Sarjekot is completely in ruins and all we can see of the fort are a few fortifications that remain here and there. The entrance is somewhat intact & inside the fort are fields yielding various crops. There are a few hutments too which serve as the dwelling place for the farmers. The most beautiful thing about the fort is the sea. One can get a magnificent view of the sea which touches the fort walls at one end.


The entrance of Sarjekot fort


A mere 7 km ride from Malvan and we reached the paradise called Tarkarli. Soft sands of silver, verdant suru corridors, clear waters of the vast sea, and a glorious view of the Sindhudurg fort – Tarkarli indubitably deserves to be called the jewel of the Konkan. To top it all MTDC has a comfy beach resort here and now a few boat houses too. That adds to the delight and makes it a perfect getaway.

Tarkarli has beautiful backwaters too – undeniably comparable to the ones in Kerala. The clear waters with coconut palms on both banks definitely invite you for a ride. MTDC recently started with boat houses similar to the ones you see in Kerala to wade far into the interiors of these backwaters.


A satiating walk at Tarkarli

We were to now reach Bhogwe beach and we were told that we could ferry across the bike from where we could easily reach Bhogwe in no time. Unfortunately, the boat was late and it had loads of passengers. So the boatman denied to ferry the bike across and unfortunately we had to take the longer route.  We enquired about the route and one of the guys suggested a dirt track for a few km before we hit the highway. We were a little skeptical but we followed the same and enjoyed another dirt track ride. With fields on the left, the waters on the right, and sand below it certainly turned out to be a joyride and we were happy not to take the longer route.

Bhogwe BEACH

A 45-minute ride took us to another jewel of the Konkan – the Bhogwe beach. It resembled Tarkarli in all respects except that there was no beach resort and it was quiet and secluded. With nature showering all its blessings on Bhogwe beach, this proves to be the ideal destination for those who seek solitude.

Bhogwe Beach

The quietude at Bhogwe Beach

There was a small shop at Bhogwe Beach and we grabbed a few tidbits from there. We also ask for the Kokam juice which he got over to the beach. It was an overwhelming experience to sip on the luscious Kokam juice in the company of nature.

Kille Nivti

We reached Kille Nivti around 6 pm when the sun was about to go down. We parked our bike, and kept our bags packed at the only store we found there. As we began to climb the fort, we thought it was it was wise to not be over-ambitious and stay back here. So we got back promising the fort that we would return tomorrow morning and headed back to the store to enquire about a place to stay. Mr. Sawant the store owner was a generous man and he offered to lodge us in the verandah. We happily agreed and hurried to the beach not to miss the daily dose of saline bath.

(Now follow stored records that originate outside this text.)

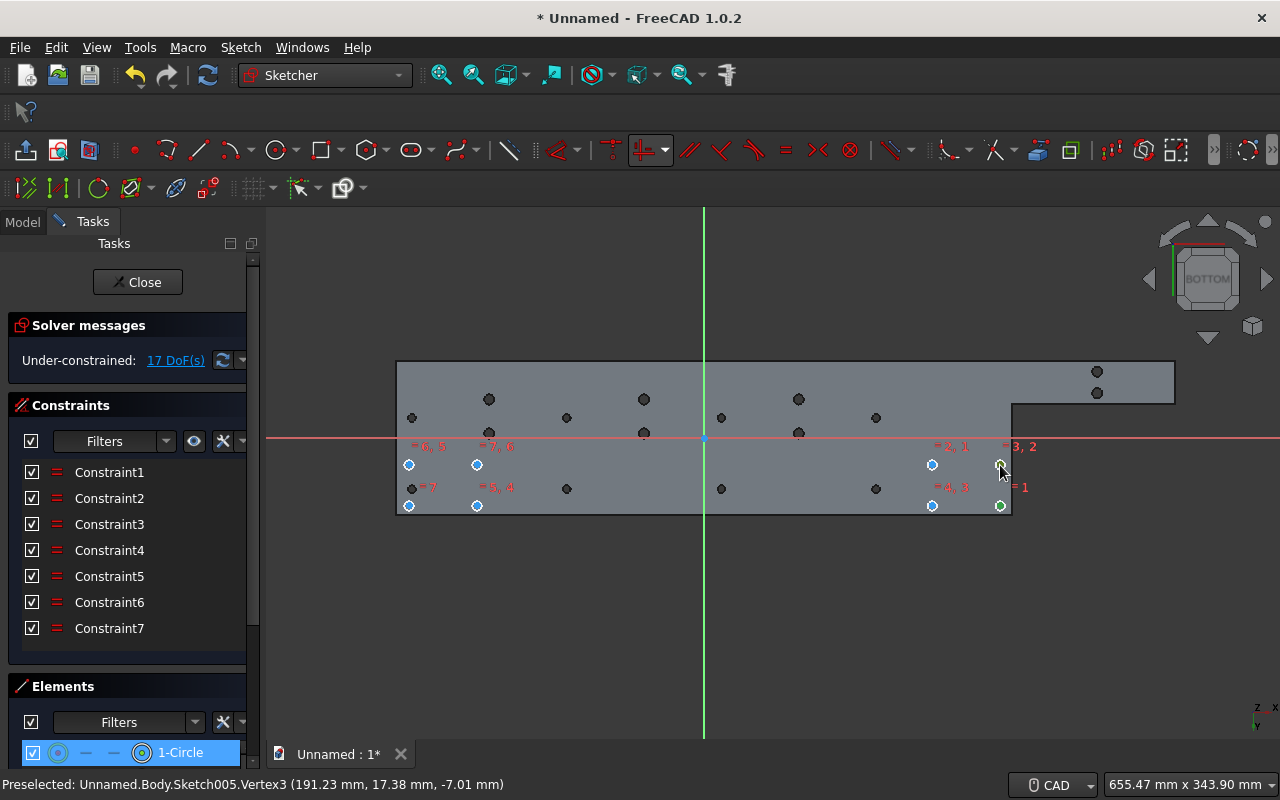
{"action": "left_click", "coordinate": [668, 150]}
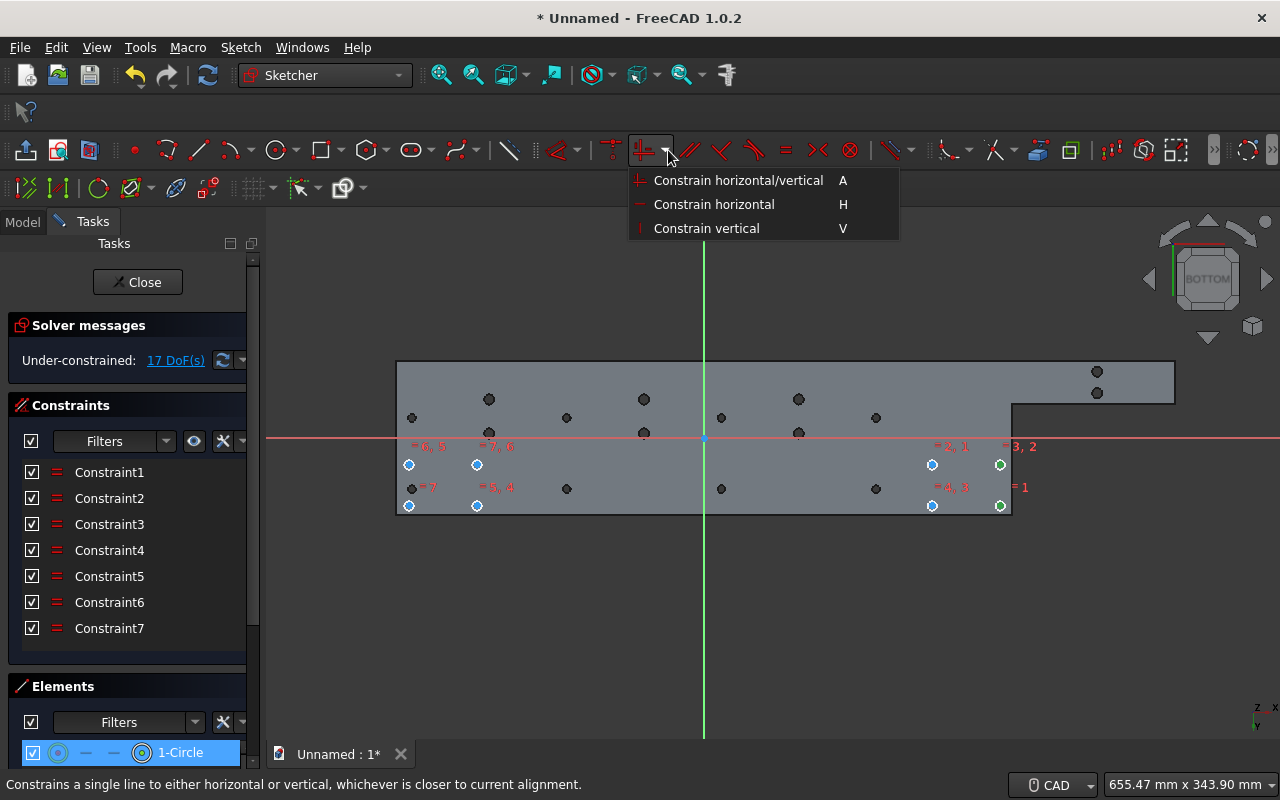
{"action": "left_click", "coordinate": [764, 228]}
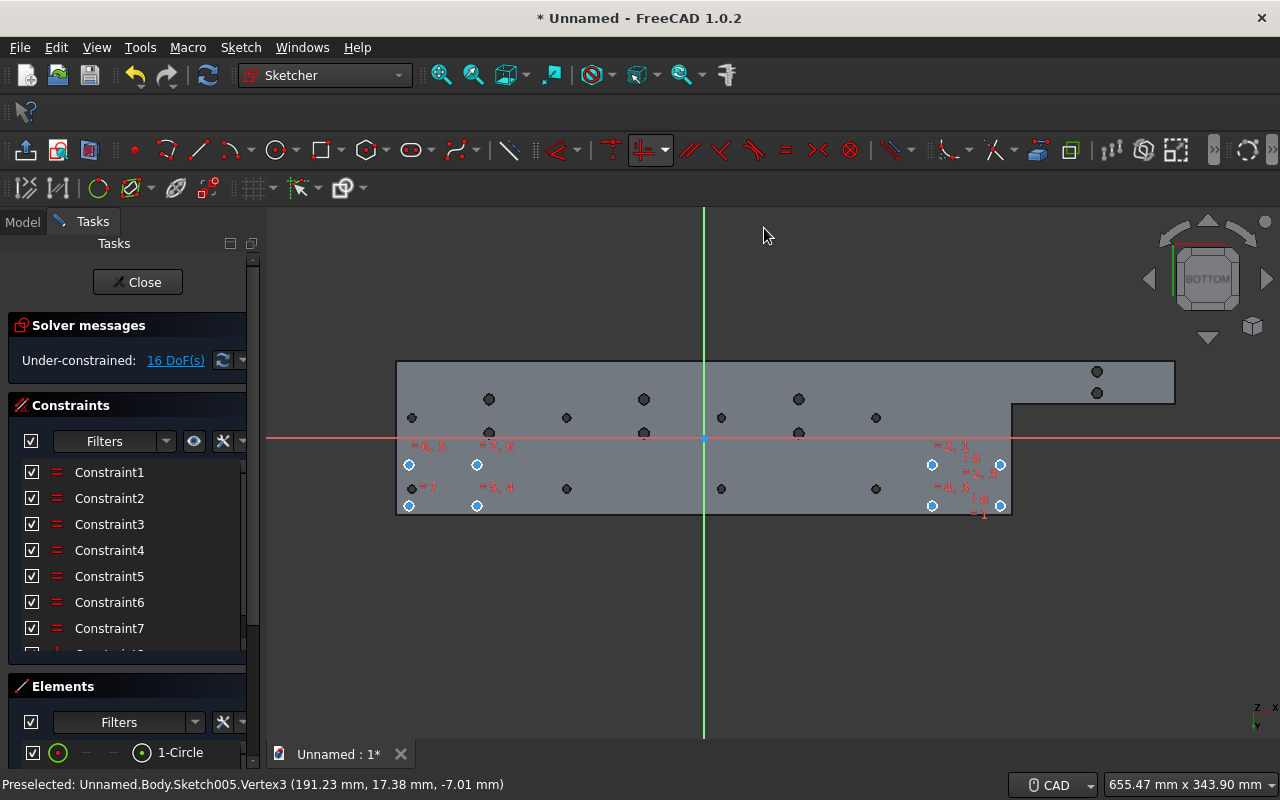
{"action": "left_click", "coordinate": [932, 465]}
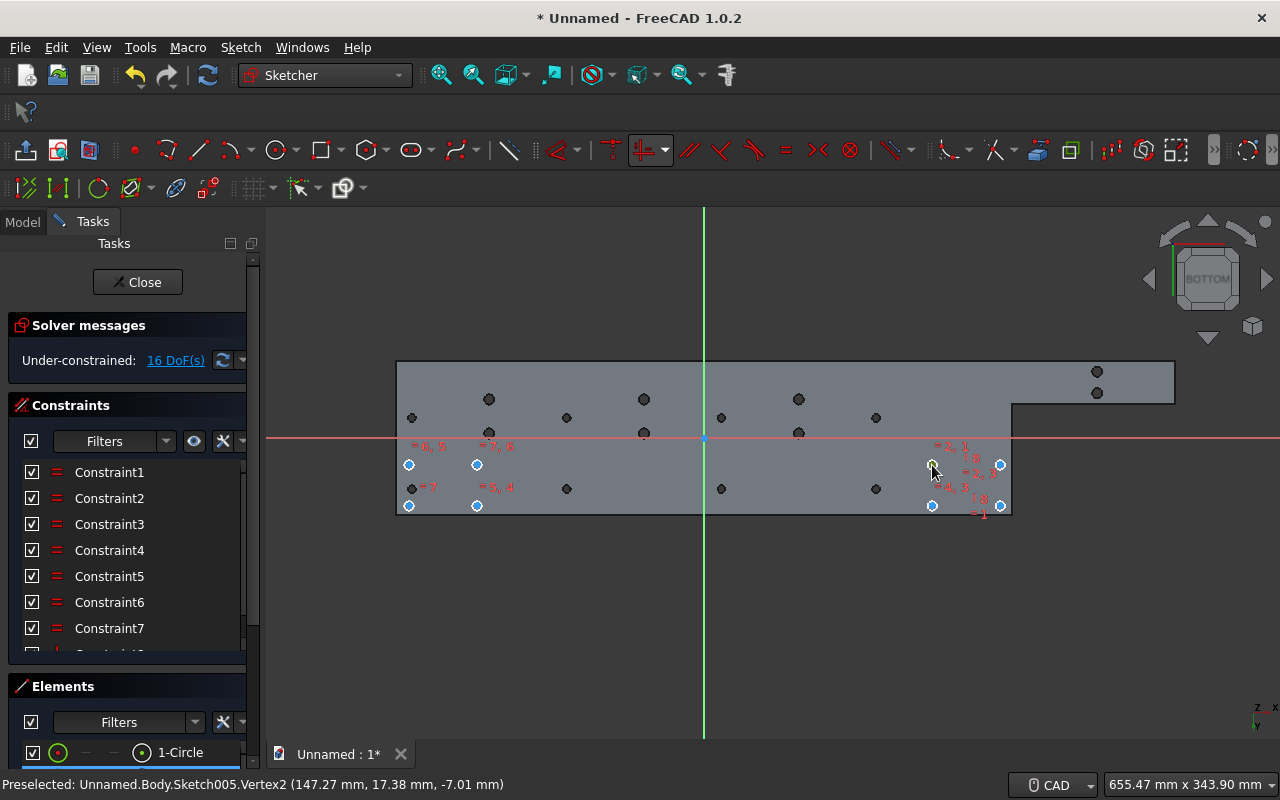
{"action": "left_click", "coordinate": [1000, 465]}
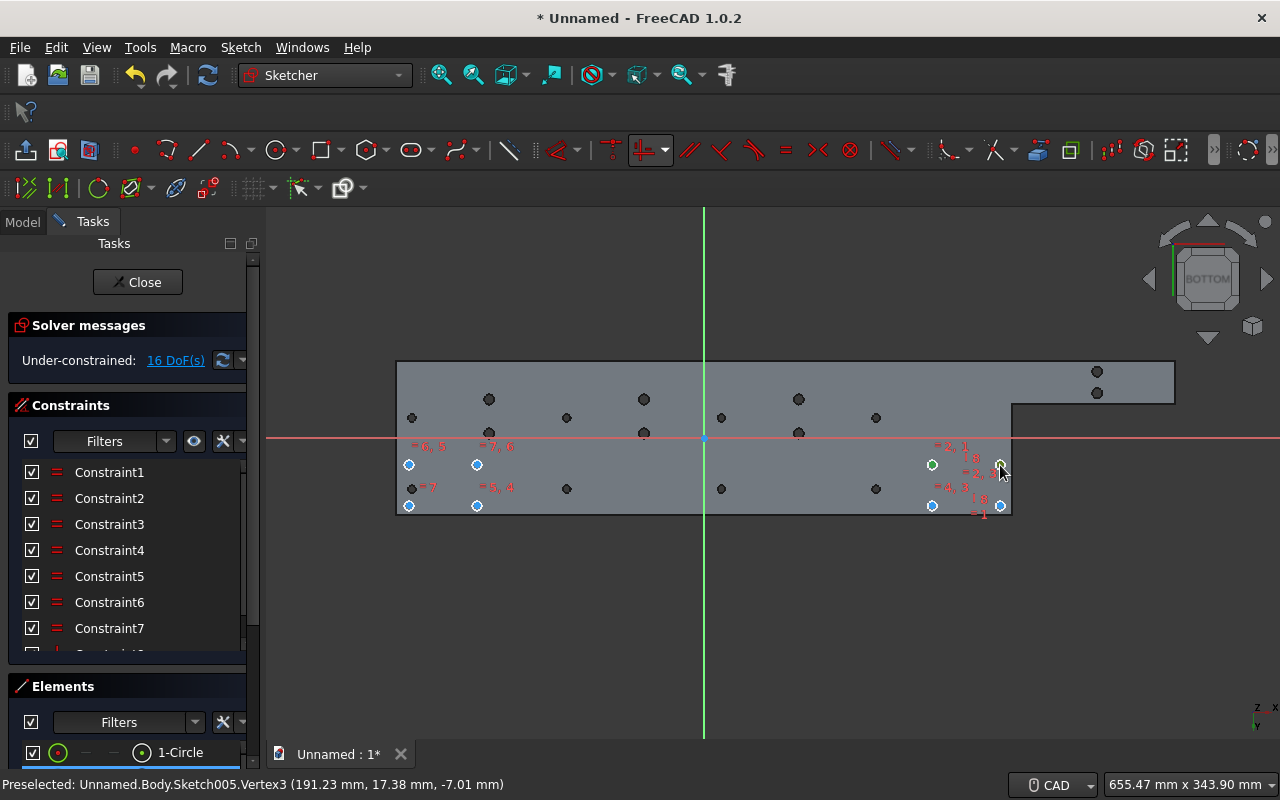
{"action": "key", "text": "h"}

a beautiful evening at the beach

Nivti was a serene beach with soft silver sands. It was enclosed by rock structures wading deep into the sea on both sides making it a private beach for just the two of us. When we came here the sun was about to set and its light had spread a golden stratum over the clear waters of the sea. We were able to capture a few romantic moments between the sun and the sea.

Nivti Beach

The setting sun at Kille Nivti Beach

We then got into the sea and drenched ourselves in the saline waters which dissolved our fatigue. We enjoyed the dip for an hour or so and unwillingly got out of the waters. It was dark. We walked out of the saline water and walked back.

We felt at home at Mr. Sawant’s place. It was a delight for us in all possible ways. They served us a delicious meal for dinner. The Bangda fry we had here was one of the best-fried fish we had ever had. After having the lip-smacking delicacies we spent a while talking to Sawant. Then we were off to sleep with Goa on our minds.